## TASK REQUIREMENTS
Check every line below, and copy those that include "which".
** SUPPLIED MATERIAL follows **
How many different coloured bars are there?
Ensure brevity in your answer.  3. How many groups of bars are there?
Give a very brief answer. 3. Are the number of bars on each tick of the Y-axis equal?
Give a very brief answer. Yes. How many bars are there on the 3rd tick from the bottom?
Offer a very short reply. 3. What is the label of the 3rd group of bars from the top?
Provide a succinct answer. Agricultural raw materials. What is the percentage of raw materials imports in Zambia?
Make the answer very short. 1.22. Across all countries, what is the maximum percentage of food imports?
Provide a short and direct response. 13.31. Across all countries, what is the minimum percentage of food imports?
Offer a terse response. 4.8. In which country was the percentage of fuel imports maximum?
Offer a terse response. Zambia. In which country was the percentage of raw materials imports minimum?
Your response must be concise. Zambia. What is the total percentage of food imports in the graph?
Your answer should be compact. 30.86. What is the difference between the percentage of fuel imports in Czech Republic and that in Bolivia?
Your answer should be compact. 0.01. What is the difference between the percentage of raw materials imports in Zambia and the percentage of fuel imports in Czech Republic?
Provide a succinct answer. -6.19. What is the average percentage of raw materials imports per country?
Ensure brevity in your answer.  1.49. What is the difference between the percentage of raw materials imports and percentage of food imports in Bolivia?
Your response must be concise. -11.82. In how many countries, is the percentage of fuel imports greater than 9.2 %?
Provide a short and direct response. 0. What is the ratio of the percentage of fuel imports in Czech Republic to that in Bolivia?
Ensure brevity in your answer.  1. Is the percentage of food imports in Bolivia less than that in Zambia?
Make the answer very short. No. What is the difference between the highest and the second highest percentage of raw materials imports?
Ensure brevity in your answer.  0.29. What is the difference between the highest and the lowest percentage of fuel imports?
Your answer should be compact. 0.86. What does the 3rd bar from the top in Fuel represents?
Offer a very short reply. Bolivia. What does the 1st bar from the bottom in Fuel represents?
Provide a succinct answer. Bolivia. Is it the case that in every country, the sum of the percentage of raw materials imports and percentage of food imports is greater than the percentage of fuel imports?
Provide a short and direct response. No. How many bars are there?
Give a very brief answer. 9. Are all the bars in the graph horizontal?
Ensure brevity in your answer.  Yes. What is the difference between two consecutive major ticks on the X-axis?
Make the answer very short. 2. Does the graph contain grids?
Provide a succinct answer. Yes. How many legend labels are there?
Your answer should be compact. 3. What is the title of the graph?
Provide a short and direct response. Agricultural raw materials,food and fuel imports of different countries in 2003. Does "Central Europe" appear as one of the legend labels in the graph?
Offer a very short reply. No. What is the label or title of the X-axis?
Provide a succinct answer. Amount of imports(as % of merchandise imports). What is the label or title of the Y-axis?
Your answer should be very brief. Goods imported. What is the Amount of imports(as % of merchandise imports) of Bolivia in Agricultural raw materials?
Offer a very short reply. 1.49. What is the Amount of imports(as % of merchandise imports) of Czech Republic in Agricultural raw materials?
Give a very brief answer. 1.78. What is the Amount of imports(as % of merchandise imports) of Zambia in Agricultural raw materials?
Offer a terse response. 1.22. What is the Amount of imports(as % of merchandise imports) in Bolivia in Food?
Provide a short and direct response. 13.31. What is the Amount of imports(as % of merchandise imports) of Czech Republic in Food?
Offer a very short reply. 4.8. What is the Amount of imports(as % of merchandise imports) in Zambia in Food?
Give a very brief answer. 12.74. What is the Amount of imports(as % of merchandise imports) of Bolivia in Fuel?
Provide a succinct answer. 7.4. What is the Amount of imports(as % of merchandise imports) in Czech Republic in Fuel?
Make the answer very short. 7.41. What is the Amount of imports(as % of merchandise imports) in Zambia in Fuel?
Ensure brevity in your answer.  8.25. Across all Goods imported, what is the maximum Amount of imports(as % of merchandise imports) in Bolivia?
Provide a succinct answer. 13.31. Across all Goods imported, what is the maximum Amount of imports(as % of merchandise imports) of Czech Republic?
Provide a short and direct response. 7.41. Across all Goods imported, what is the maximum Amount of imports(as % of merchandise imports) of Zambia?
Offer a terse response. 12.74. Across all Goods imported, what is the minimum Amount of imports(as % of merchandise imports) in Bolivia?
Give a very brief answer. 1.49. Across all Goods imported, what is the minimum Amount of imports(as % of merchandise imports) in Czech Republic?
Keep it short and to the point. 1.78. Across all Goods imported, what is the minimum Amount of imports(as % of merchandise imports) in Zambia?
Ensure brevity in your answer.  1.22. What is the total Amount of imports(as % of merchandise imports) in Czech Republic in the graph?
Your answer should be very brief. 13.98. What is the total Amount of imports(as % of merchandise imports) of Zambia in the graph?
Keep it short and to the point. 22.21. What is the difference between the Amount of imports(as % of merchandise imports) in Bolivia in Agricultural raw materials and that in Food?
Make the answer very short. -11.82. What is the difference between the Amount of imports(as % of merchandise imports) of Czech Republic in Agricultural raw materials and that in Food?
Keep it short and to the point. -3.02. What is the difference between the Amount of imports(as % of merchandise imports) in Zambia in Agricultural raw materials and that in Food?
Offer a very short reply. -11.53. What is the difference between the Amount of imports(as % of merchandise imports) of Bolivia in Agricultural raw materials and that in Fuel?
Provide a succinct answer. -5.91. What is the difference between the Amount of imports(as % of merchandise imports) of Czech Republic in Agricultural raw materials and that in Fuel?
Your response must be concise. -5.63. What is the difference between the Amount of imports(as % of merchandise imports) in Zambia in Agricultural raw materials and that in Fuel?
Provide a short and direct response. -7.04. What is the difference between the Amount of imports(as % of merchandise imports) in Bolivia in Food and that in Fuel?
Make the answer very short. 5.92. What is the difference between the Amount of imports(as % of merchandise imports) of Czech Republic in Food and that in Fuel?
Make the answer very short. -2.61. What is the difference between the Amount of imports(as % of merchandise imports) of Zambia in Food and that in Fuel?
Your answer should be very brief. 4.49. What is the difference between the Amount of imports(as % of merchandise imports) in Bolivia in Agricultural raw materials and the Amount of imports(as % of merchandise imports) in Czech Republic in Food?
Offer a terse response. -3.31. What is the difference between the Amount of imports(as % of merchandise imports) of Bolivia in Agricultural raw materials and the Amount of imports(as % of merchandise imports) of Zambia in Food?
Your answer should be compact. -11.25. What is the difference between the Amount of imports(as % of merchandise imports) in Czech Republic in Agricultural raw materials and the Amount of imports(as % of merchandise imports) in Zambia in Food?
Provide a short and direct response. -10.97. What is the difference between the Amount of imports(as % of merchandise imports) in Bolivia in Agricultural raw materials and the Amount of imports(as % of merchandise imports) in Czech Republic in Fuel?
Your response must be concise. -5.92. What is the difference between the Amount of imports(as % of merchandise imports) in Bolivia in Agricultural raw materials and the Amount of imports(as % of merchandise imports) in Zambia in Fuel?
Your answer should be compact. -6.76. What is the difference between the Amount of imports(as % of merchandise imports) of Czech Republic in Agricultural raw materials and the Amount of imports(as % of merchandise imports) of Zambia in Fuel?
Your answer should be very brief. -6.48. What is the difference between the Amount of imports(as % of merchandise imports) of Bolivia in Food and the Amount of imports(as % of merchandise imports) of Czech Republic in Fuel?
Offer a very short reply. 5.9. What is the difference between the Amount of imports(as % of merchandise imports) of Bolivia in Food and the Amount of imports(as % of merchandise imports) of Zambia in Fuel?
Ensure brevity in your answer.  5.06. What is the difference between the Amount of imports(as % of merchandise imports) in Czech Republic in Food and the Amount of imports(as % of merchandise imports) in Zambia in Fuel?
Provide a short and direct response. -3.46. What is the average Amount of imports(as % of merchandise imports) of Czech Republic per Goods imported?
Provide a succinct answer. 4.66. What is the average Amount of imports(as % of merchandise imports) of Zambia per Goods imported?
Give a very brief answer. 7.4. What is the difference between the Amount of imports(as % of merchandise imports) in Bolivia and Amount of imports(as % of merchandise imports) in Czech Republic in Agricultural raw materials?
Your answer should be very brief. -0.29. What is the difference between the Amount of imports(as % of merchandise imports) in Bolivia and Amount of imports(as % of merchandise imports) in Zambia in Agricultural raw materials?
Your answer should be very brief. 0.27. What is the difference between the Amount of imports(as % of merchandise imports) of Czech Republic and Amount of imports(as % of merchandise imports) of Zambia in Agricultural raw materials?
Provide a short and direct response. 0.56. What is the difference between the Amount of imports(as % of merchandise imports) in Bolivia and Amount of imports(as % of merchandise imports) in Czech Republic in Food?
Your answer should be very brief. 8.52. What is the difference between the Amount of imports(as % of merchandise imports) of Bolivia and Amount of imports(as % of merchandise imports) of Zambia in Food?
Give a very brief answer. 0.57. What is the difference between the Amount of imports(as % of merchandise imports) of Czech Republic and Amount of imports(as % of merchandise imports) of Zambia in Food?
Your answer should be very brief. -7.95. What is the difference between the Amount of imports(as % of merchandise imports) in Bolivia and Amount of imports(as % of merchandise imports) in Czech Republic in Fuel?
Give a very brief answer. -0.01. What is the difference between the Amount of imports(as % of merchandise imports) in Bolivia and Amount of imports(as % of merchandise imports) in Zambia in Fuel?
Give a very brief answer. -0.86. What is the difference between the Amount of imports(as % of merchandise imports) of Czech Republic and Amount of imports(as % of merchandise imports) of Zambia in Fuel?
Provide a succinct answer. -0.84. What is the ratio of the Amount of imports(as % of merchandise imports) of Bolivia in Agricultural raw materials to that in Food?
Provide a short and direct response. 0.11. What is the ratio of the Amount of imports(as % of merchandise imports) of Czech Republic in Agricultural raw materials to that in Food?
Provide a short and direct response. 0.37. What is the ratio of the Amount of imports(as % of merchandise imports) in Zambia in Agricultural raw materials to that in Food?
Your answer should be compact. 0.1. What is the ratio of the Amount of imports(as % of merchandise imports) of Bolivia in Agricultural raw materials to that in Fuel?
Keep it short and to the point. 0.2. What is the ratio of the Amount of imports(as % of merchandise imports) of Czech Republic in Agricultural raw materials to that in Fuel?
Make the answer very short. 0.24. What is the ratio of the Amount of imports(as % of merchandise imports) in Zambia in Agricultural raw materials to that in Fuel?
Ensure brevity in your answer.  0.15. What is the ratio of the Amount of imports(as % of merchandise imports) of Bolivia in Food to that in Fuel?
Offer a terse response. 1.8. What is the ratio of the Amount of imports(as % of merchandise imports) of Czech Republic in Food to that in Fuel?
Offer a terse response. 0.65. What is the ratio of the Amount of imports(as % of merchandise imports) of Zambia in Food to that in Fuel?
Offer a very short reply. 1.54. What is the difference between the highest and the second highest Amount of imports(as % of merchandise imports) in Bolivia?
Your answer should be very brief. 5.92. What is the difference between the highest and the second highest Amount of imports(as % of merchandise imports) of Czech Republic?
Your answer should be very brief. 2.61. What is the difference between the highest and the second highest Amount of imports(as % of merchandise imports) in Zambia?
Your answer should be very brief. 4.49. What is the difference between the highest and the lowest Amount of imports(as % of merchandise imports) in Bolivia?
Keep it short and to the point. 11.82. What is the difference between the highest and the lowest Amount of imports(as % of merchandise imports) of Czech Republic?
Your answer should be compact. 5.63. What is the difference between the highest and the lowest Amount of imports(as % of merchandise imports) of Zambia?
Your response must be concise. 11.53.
** End of SUPPLIED MATERIAL **
## SOLUTION TO THIS PROBLEM
Offer a terse response. 4.8. In which country was the percentage of fuel imports maximum?
Offer a terse response. Zambia. In which country was the percentage of raw materials imports minimum?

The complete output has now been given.